RECOMMENDED DISPOSITION
Plaintiff, Corey Click, has appealed the final decision of the Commissioner of the Social
Security Administration to deny his claim for disability insurance benefits and supplemental
security income. Both parties have submitted appeal briefs and the case is now ready for a
decision.
A court’s function on review is to determine whether the Commissioner’s decision is
supported by substantial evidence on the record as a whole and free of legal error. Slusser v.

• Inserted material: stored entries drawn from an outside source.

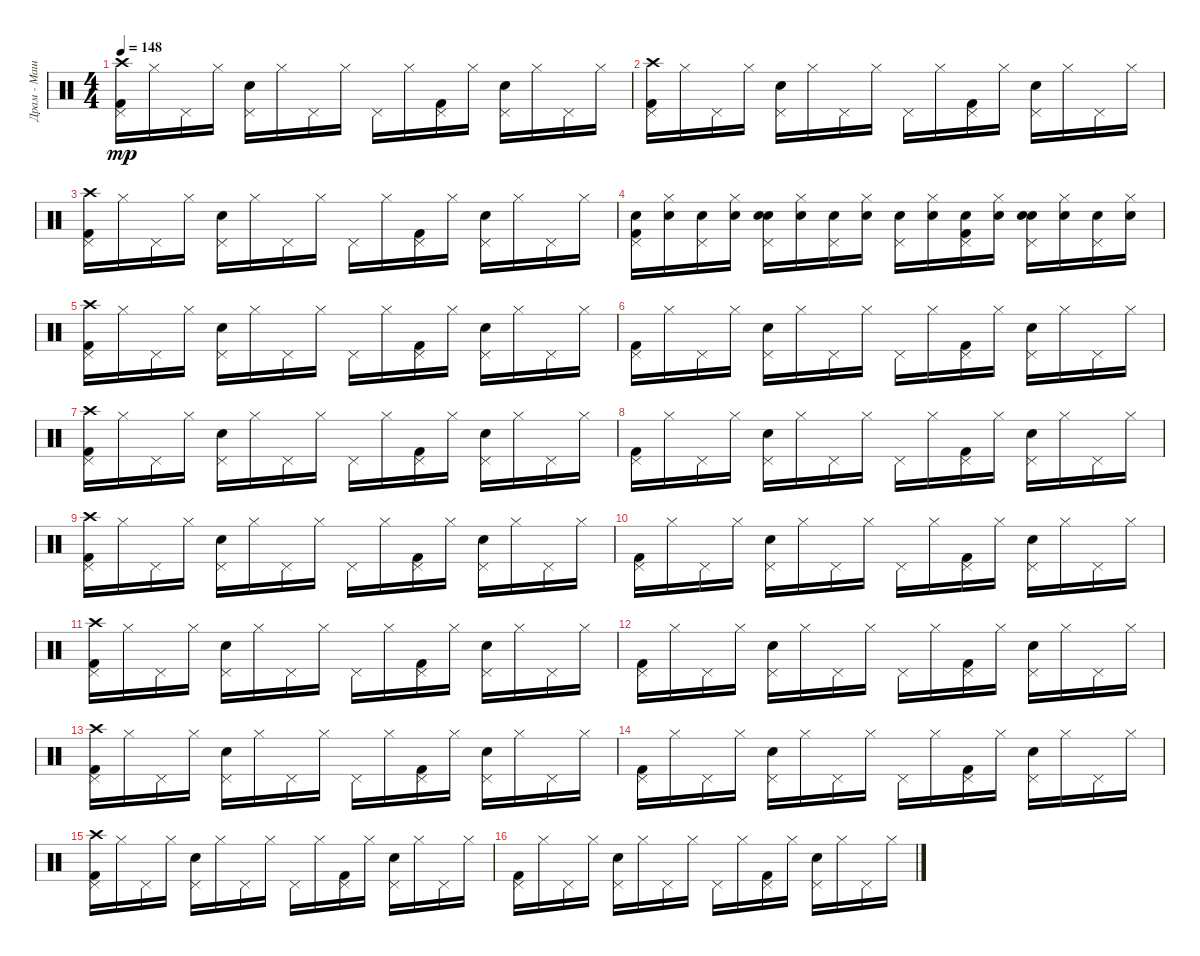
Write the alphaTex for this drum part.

\track ("Драм - Машина 2" "Драм - Маш") {instrument percussion}
\staff {score}
\articulation defaults
\ts (4 4)
\tempo 148
\clef neutral
\ks c
("Kick (hit) 2" "Crash high (hit)" "Pedal Hi-Hat (hit)").16{dy mp} "Hi-Hat (closed)".16 "Pedal Hi-Hat (hit)".16 "Hi-Hat (closed)".16 ("Snare (hit) 2" "Pedal Hi-Hat (hit)").16 "Hi-Hat (closed)".16 "Pedal Hi-Hat (hit)".16 "Hi-Hat (closed)".16 "Pedal Hi-Hat (hit)".16 "Hi-Hat (closed)".16 ("Kick (hit) 2" "Pedal Hi-Hat (hit)").16 "Hi-Hat (closed)".16 ("Snare (hit) 2" "Pedal Hi-Hat (hit)").16 "Hi-Hat (closed)".16 "Pedal Hi-Hat (hit)".16 "Hi-Hat (closed)".16 |
("Kick (hit) 2" "Crash high (hit)" "Pedal Hi-Hat (hit)").16 "Hi-Hat (closed)".16 "Pedal Hi-Hat (hit)".16 "Hi-Hat (closed)".16 ("Snare (hit) 2" "Pedal Hi-Hat (hit)").16 "Hi-Hat (closed)".16 "Pedal Hi-Hat (hit)".16 "Hi-Hat (closed)".16 "Pedal Hi-Hat (hit)".16 "Hi-Hat (closed)".16 ("Kick (hit) 2" "Pedal Hi-Hat (hit)").16 "Hi-Hat (closed)".16 ("Snare (hit) 2" "Pedal Hi-Hat (hit)").16 "Hi-Hat (closed)".16 "Pedal Hi-Hat (hit)".16 "Hi-Hat (closed)".16 |
("Kick (hit) 2" "Crash high (hit)" "Pedal Hi-Hat (hit)").16 "Hi-Hat (closed)".16 "Pedal Hi-Hat (hit)".16 "Hi-Hat (closed)".16 ("Snare (hit) 2" "Pedal Hi-Hat (hit)").16 "Hi-Hat (closed)".16 "Pedal Hi-Hat (hit)".16 "Hi-Hat (closed)".16 "Pedal Hi-Hat (hit)".16 "Hi-Hat (closed)".16 ("Kick (hit) 2" "Pedal Hi-Hat (hit)").16 "Hi-Hat (closed)".16 ("Snare (hit) 2" "Pedal Hi-Hat (hit)").16 "Hi-Hat (closed)".16 "Pedal Hi-Hat (hit)".16 "Hi-Hat (closed)".16 |
("Kick (hit) 2" "Snare (hit) 2" "Pedal Hi-Hat (hit)").16 ("Snare (hit) 2" "Hi-Hat (closed)").16 ("Snare (hit) 2" "Pedal Hi-Hat (hit)").16 ("Snare (hit) 2" "Hi-Hat (closed)").16 ("Snare (hit) 2" "Snare (hit) 2" "Pedal Hi-Hat (hit)").16 ("Snare (hit) 2" "Hi-Hat (closed)").16 ("Snare (hit) 2" "Pedal Hi-Hat (hit)").16 ("Snare (hit) 2" "Hi-Hat (closed)").16 ("Snare (hit) 2" "Pedal Hi-Hat (hit)").16 ("Snare (hit) 2" "Hi-Hat (closed)").16 ("Kick (hit) 2" "Snare (hit) 2" "Pedal Hi-Hat (hit)").16 ("Snare (hit) 2" "Hi-Hat (closed)").16 ("Snare (hit) 2" "Snare (hit) 2" "Pedal Hi-Hat (hit)").16 ("Snare (hit) 2" "Hi-Hat (closed)").16 ("Snare (hit) 2" "Pedal Hi-Hat (hit)").16 ("Snare (hit) 2" "Hi-Hat (closed)").16 |
("Kick (hit) 2" "Crash high (hit)" "Pedal Hi-Hat (hit)").16 "Hi-Hat (closed)".16 "Pedal Hi-Hat (hit)".16 "Hi-Hat (closed)".16 ("Snare (hit) 2" "Pedal Hi-Hat (hit)").16 "Hi-Hat (closed)".16 "Pedal Hi-Hat (hit)".16 "Hi-Hat (closed)".16 "Pedal Hi-Hat (hit)".16 "Hi-Hat (closed)".16 ("Kick (hit) 2" "Pedal Hi-Hat (hit)").16 "Hi-Hat (closed)".16 ("Snare (hit) 2" "Pedal Hi-Hat (hit)").16 "Hi-Hat (closed)".16 "Pedal Hi-Hat (hit)".16 "Hi-Hat (closed)".16 |
("Kick (hit) 2" "Pedal Hi-Hat (hit)").16 "Hi-Hat (closed)".16 "Pedal Hi-Hat (hit)".16 "Hi-Hat (closed)".16 ("Snare (hit) 2" "Pedal Hi-Hat (hit)").16 "Hi-Hat (closed)".16 "Pedal Hi-Hat (hit)".16 "Hi-Hat (closed)".16 "Pedal Hi-Hat (hit)".16 "Hi-Hat (closed)".16 ("Kick (hit) 2" "Pedal Hi-Hat (hit)").16 "Hi-Hat (closed)".16 ("Snare (hit) 2" "Pedal Hi-Hat (hit)").16 "Hi-Hat (closed)".16 "Pedal Hi-Hat (hit)".16 "Hi-Hat (closed)".16 |
("Kick (hit) 2" "Crash high (hit)" "Pedal Hi-Hat (hit)").16 "Hi-Hat (closed)".16 "Pedal Hi-Hat (hit)".16 "Hi-Hat (closed)".16 ("Snare (hit) 2" "Pedal Hi-Hat (hit)").16 "Hi-Hat (closed)".16 "Pedal Hi-Hat (hit)".16 "Hi-Hat (closed)".16 "Pedal Hi-Hat (hit)".16 "Hi-Hat (closed)".16 ("Kick (hit) 2" "Pedal Hi-Hat (hit)").16 "Hi-Hat (closed)".16 ("Snare (hit) 2" "Pedal Hi-Hat (hit)").16 "Hi-Hat (closed)".16 "Pedal Hi-Hat (hit)".16 "Hi-Hat (closed)".16 |
("Kick (hit) 2" "Pedal Hi-Hat (hit)").16 "Hi-Hat (closed)".16 "Pedal Hi-Hat (hit)".16 "Hi-Hat (closed)".16 ("Snare (hit) 2" "Pedal Hi-Hat (hit)").16 "Hi-Hat (closed)".16 "Pedal Hi-Hat (hit)".16 "Hi-Hat (closed)".16 "Pedal Hi-Hat (hit)".16 "Hi-Hat (closed)".16 ("Kick (hit) 2" "Pedal Hi-Hat (hit)").16 "Hi-Hat (closed)".16 ("Snare (hit) 2" "Pedal Hi-Hat (hit)").16 "Hi-Hat (closed)".16 "Pedal Hi-Hat (hit)".16 "Hi-Hat (closed)".16 |
("Crash high (hit)" "Kick (hit) 2" "Pedal Hi-Hat (hit)").16 "Hi-Hat (closed)".16 "Pedal Hi-Hat (hit)".16 "Hi-Hat (closed)".16 ("Snare (hit) 2" "Pedal Hi-Hat (hit)").16 "Hi-Hat (closed)".16 "Pedal Hi-Hat (hit)".16 "Hi-Hat (closed)".16 "Pedal Hi-Hat (hit)".16 "Hi-Hat (closed)".16 ("Kick (hit) 2" "Pedal Hi-Hat (hit)").16 "Hi-Hat (closed)".16 ("Snare (hit) 2" "Pedal Hi-Hat (hit)").16 "Hi-Hat (closed)".16 "Pedal Hi-Hat (hit)".16 "Hi-Hat (closed)".16 |
("Kick (hit) 2" "Pedal Hi-Hat (hit)").16 "Hi-Hat (closed)".16 "Pedal Hi-Hat (hit)".16 "Hi-Hat (closed)".16 ("Snare (hit) 2" "Pedal Hi-Hat (hit)").16 "Hi-Hat (closed)".16 "Pedal Hi-Hat (hit)".16 "Hi-Hat (closed)".16 "Pedal Hi-Hat (hit)".16 "Hi-Hat (closed)".16 ("Kick (hit) 2" "Pedal Hi-Hat (hit)").16 "Hi-Hat (closed)".16 ("Snare (hit) 2" "Pedal Hi-Hat (hit)").16 "Hi-Hat (closed)".16 "Pedal Hi-Hat (hit)".16 "Hi-Hat (closed)".16 |
("Crash high (hit)" "Kick (hit) 2" "Pedal Hi-Hat (hit)").16 "Hi-Hat (closed)".16 "Pedal Hi-Hat (hit)".16 "Hi-Hat (closed)".16 ("Snare (hit) 2" "Pedal Hi-Hat (hit)").16 "Hi-Hat (closed)".16 "Pedal Hi-Hat (hit)".16 "Hi-Hat (closed)".16 "Pedal Hi-Hat (hit)".16 "Hi-Hat (closed)".16 ("Kick (hit) 2" "Pedal Hi-Hat (hit)").16 "Hi-Hat (closed)".16 ("Snare (hit) 2" "Pedal Hi-Hat (hit)").16 "Hi-Hat (closed)".16 "Pedal Hi-Hat (hit)".16 "Hi-Hat (closed)".16 |
("Kick (hit) 2" "Pedal Hi-Hat (hit)").16 "Hi-Hat (closed)".16 "Pedal Hi-Hat (hit)".16 "Hi-Hat (closed)".16 ("Snare (hit) 2" "Pedal Hi-Hat (hit)").16 "Hi-Hat (closed)".16 "Pedal Hi-Hat (hit)".16 "Hi-Hat (closed)".16 "Pedal Hi-Hat (hit)".16 "Hi-Hat (closed)".16 ("Kick (hit) 2" "Pedal Hi-Hat (hit)").16 "Hi-Hat (closed)".16 ("Snare (hit) 2" "Pedal Hi-Hat (hit)").16 "Hi-Hat (closed)".16 "Pedal Hi-Hat (hit)".16 "Hi-Hat (closed)".16 |
("Kick (hit) 2" "Crash high (hit)" "Pedal Hi-Hat (hit)").16 "Hi-Hat (closed)".16 "Pedal Hi-Hat (hit)".16 "Hi-Hat (closed)".16 ("Snare (hit) 2" "Pedal Hi-Hat (hit)").16 "Hi-Hat (closed)".16 "Pedal Hi-Hat (hit)".16 "Hi-Hat (closed)".16 "Pedal Hi-Hat (hit)".16 "Hi-Hat (closed)".16 ("Kick (hit) 2" "Pedal Hi-Hat (hit)").16 "Hi-Hat (closed)".16 ("Snare (hit) 2" "Pedal Hi-Hat (hit)").16 "Hi-Hat (closed)".16 "Pedal Hi-Hat (hit)".16 "Hi-Hat (closed)".16 |
("Kick (hit) 2" "Pedal Hi-Hat (hit)").16 "Hi-Hat (closed)".16 "Pedal Hi-Hat (hit)".16 "Hi-Hat (closed)".16 ("Snare (hit) 2" "Pedal Hi-Hat (hit)").16 "Hi-Hat (closed)".16 "Pedal Hi-Hat (hit)".16 "Hi-Hat (closed)".16 "Pedal Hi-Hat (hit)".16 "Hi-Hat (closed)".16 ("Kick (hit) 2" "Pedal Hi-Hat (hit)").16 "Hi-Hat (closed)".16 ("Snare (hit) 2" "Pedal Hi-Hat (hit)").16 "Hi-Hat (closed)".16 "Pedal Hi-Hat (hit)".16 "Hi-Hat (closed)".16 |
("Kick (hit) 2" "Crash high (hit)" "Pedal Hi-Hat (hit)").16 "Hi-Hat (closed)".16 "Pedal Hi-Hat (hit)".16 "Hi-Hat (closed)".16 ("Snare (hit) 2" "Pedal Hi-Hat (hit)").16 "Hi-Hat (closed)".16 "Pedal Hi-Hat (hit)".16 "Hi-Hat (closed)".16 "Pedal Hi-Hat (hit)".16 "Hi-Hat (closed)".16 ("Kick (hit) 2" "Pedal Hi-Hat (hit)").16 "Hi-Hat (closed)".16 ("Snare (hit) 2" "Pedal Hi-Hat (hit)").16 "Hi-Hat (closed)".16 "Pedal Hi-Hat (hit)".16 "Hi-Hat (closed)".16 |
("Kick (hit) 2" "Pedal Hi-Hat (hit)").16 "Hi-Hat (closed)".16 "Pedal Hi-Hat (hit)".16 "Hi-Hat (closed)".16 ("Snare (hit) 2" "Pedal Hi-Hat (hit)").16 "Hi-Hat (closed)".16 "Pedal Hi-Hat (hit)".16 "Hi-Hat (closed)".16 "Pedal Hi-Hat (hit)".16 "Hi-Hat (closed)".16 ("Kick (hit) 2" "Pedal Hi-Hat (hit)").16 "Hi-Hat (closed)".16 ("Snare (hit) 2" "Pedal Hi-Hat (hit)").16 "Hi-Hat (closed)".16 "Pedal Hi-Hat (hit)".16 "Hi-Hat (closed)".16

Astrue, 557 F.3d 923, 925 (8th Cir. 2009); Long v. Chater, 108 F.3d 185, 187 (8th Cir. 1997); see
also 42 U.S.C. §§ 405(g), 1383(c)(3).
Substantial evidence is such relevant evidence as a
reasonable mind might accept as adequate to support a conclusion. Richardson v. Perales, 402
U.S. 389, 401 (1971); Reynolds v. Chater, 82 F.3d 254, 257 (8th Cir. 1996). In assessing the
substantiality of the evidence, courts must consider evidence that detracts from the
Commissioner’s decision as well as evidence that supports it; a court may not, however, reverse
the Commissioner’s decision merely because substantial evidence would have supported an
opposite decision. Sultan v. Barnhart, 368 F.3d 857, 863 (8th Cir. 2004); Woolf v. Shalala, 3
F.3d 1210, 1213 (8th Cir. 1993).
The history of the administrative proceedings and the statement of facts relevant to this
decision are contained in the respective briefs and are not in serious dispute. Therefore, they will
not be repeated in this opinion except as necessary. After careful consideration of the record as
a whole, I find the decision of the Commissioner is supported by substantial evidence.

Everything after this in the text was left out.